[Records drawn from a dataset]
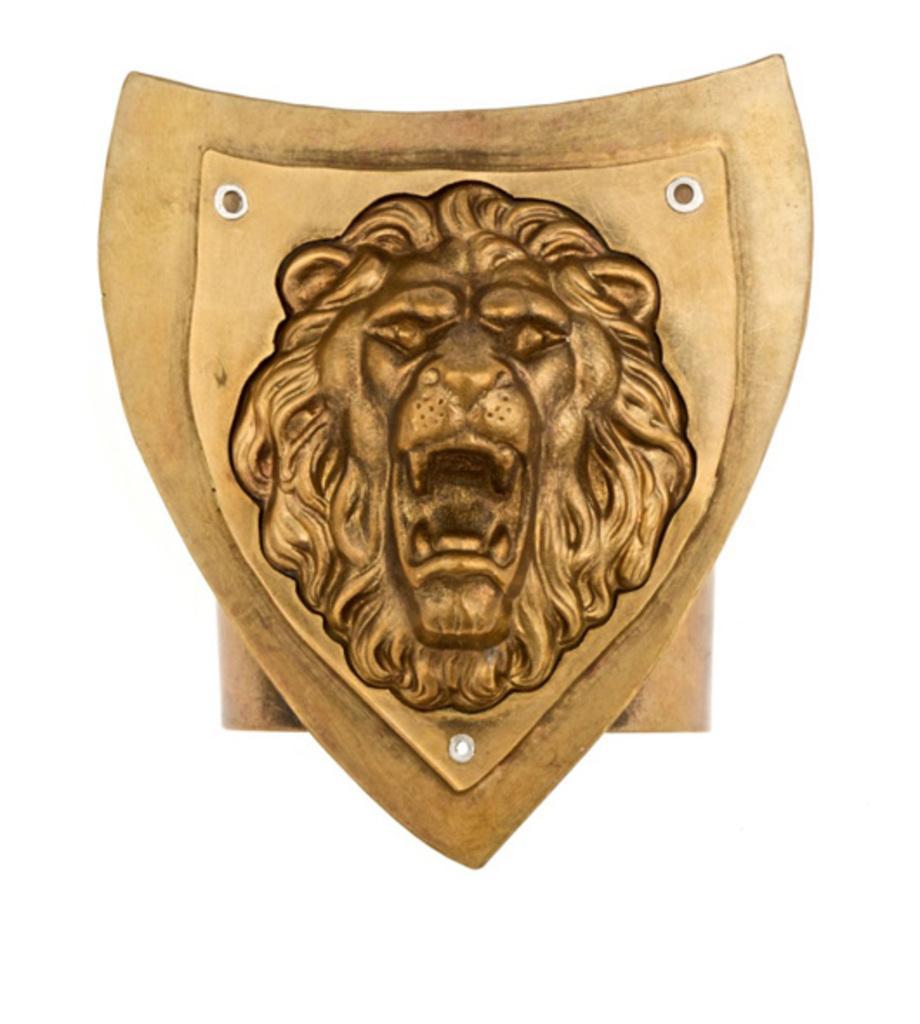Please provide a concise description of this image. This picture contains a lion shaped shield which is brown in color. 
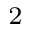Convert formula to latex. <formula><loc_0><loc_0><loc_500><loc_500>^ { 2 }</formula> 
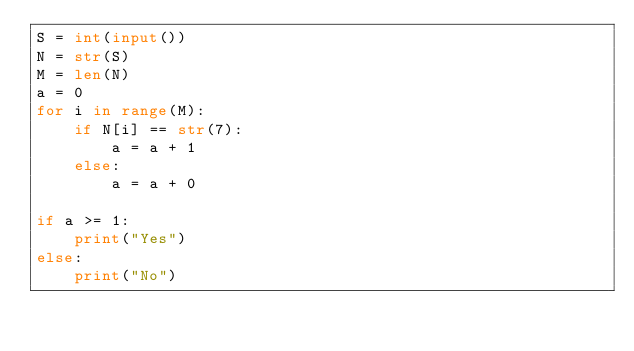<code> <loc_0><loc_0><loc_500><loc_500><_Python_>S = int(input())
N = str(S)
M = len(N)
a = 0
for i in range(M):
    if N[i] == str(7):
        a = a + 1
    else:
        a = a + 0

if a >= 1:
    print("Yes")
else:
    print("No")
</code> 
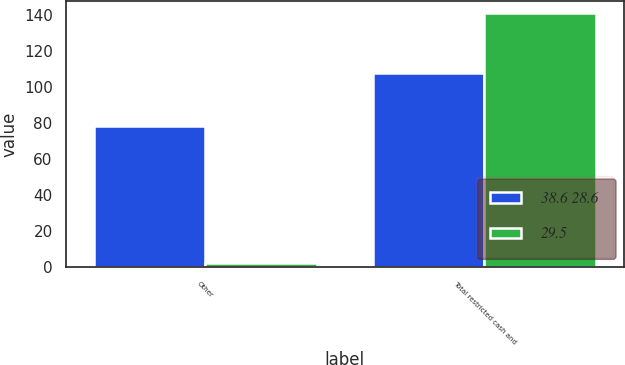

» Your task: Restate the records word for word and drop the images.

» Response area:
Please provide a concise description of this image. This picture contains a lion shaped shield which is brown in color. 
Convert formula to latex. <formula><loc_0><loc_0><loc_500><loc_500>^ { 2 }</formula> 
<code> <loc_0><loc_0><loc_500><loc_500><_Python_>S = int(input())
N = str(S)
M = len(N)
a = 0
for i in range(M):
    if N[i] == str(7):
        a = a + 1
    else:
        a = a + 0

if a >= 1:
    print("Yes")
else:
    print("No")
</code> 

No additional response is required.